What troubles does gcc compiler optimization cause ???

Today I saw a very interesting program, as shown below:

int main(){    const int a = 1;    int *b = (int*)&a;    *b = 21;    printf("%d, %d", a, *b);    return 0;}

When I first saw this program, I thought it was 21 or 21, but I was wrong.

It was hard to understand for a moment, so I output their addresses again:

int main(){    const int a = 1;    int *b = (int*)&a;    *b = 21;    printf("%d, %d", a, *b);    printf("\n%p, %p", &a, &*b);    return 0;}

Their addresses are the same. I am more puzzled here, so I tried to check the assembly code.

int main(){    const int a = 1;    int *b = (int*)&a;    *b = 21;    printf("%d", a);    return 0;}

The compilation code is as follows:

Here we get at&t's assembly code, which is different from intel:

1. The command format is: command name, meta-operand, destination operand

2. Add % before the Register

3. Add $ before the operand

4, 0x4 (% esp) is memory addressing, which actually represents the content in the esp register + 4 (if you do not understand it very well, I hope to find the information by myself, I have limited knowledge)

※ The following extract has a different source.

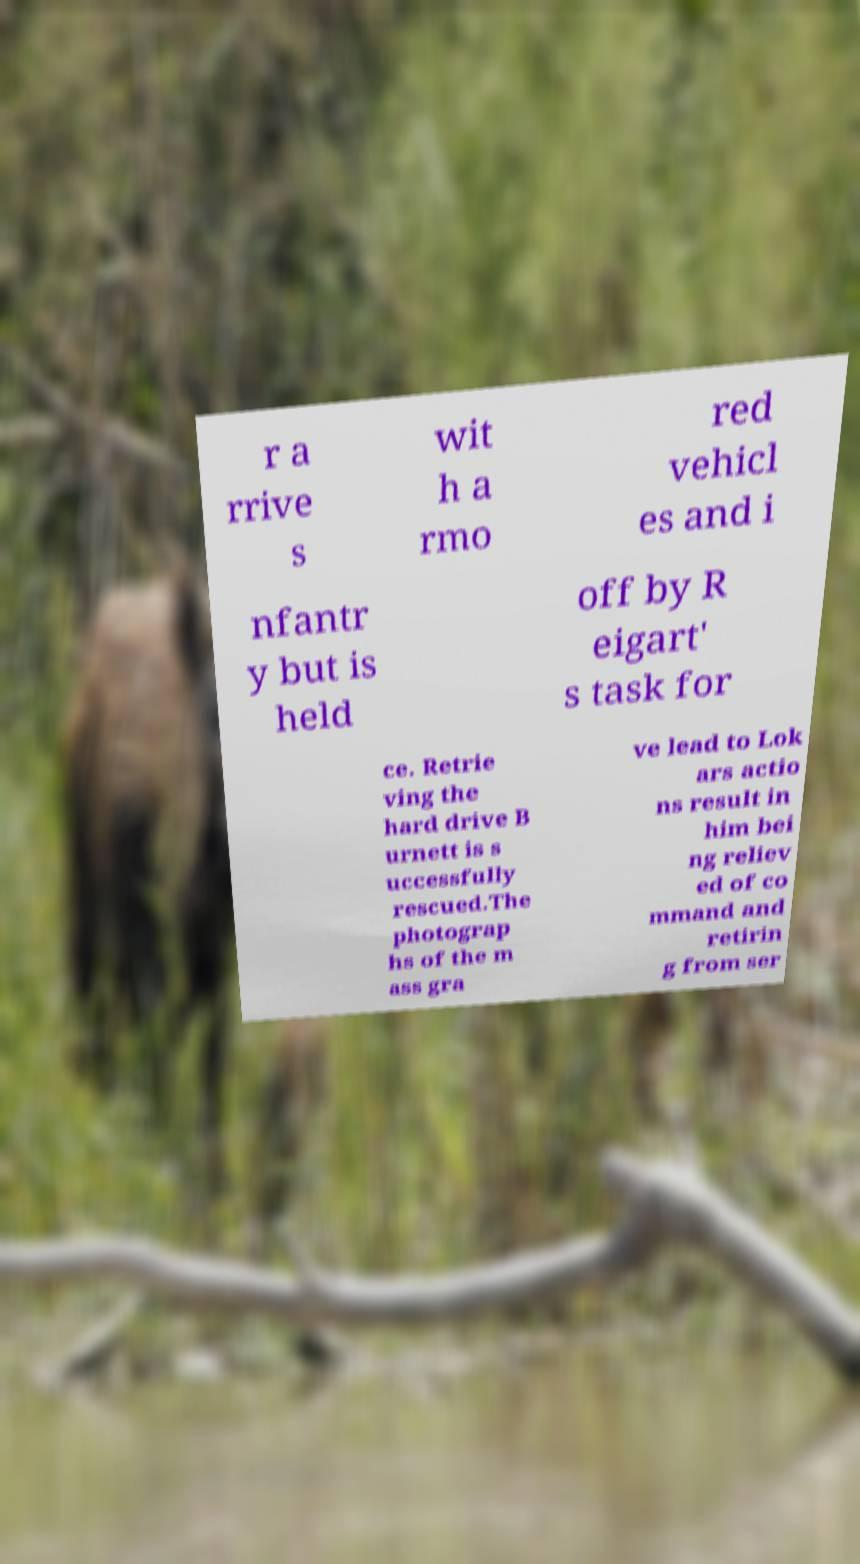Can you read and provide the text displayed in the image?This photo seems to have some interesting text. Can you extract and type it out for me? r a rrive s wit h a rmo red vehicl es and i nfantr y but is held off by R eigart' s task for ce. Retrie ving the hard drive B urnett is s uccessfully rescued.The photograp hs of the m ass gra ve lead to Lok ars actio ns result in him bei ng reliev ed of co mmand and retirin g from ser

First, let's look at the line labeled 1. The corresponding c statement is const int a = 1. This is where 1 is placed in the address 0x18 (% esp, next, let's look at the printf statement corresponding to number 2 and find that there is no reference value for the position where the address is 0x18 (% esp, instead, 1 is directly put to 0x4 (% esp) and then output.

Therefore, I personally think that the first result is caused by some optimizations made by the compiler. To prove my point, I modified the program:

int main(){    int c = 1;    const int a = c;    int *b = (int*)&a;    *b = 21;    printf("%d, %d", a, *b);    return 0;}

Output result:

The corresponding assembly code is:

At Mark 1, we can determine where a is stored in 0x14 (% esp). At Mark 2, the corresponding printf statement. This statement processes parameters from right to left, 2. Processing is * B, 3 processing is a. At this time, we can see that we use an address instead of a numerical value. At the same time, we can see that the number is 0. we assign a value of 1 to c, when a is assigned a value, the compiler uses a value without a reference address.

Therefore, I guess the compiler has an optimization function in this regard: If a variable is assigned a constant during definition, when it is referenced, the compiler will directly use this constant value instead of the address reference to save time, but it also brings us extra trouble.

These are my personal opinions. I hope you can give me some advice !!!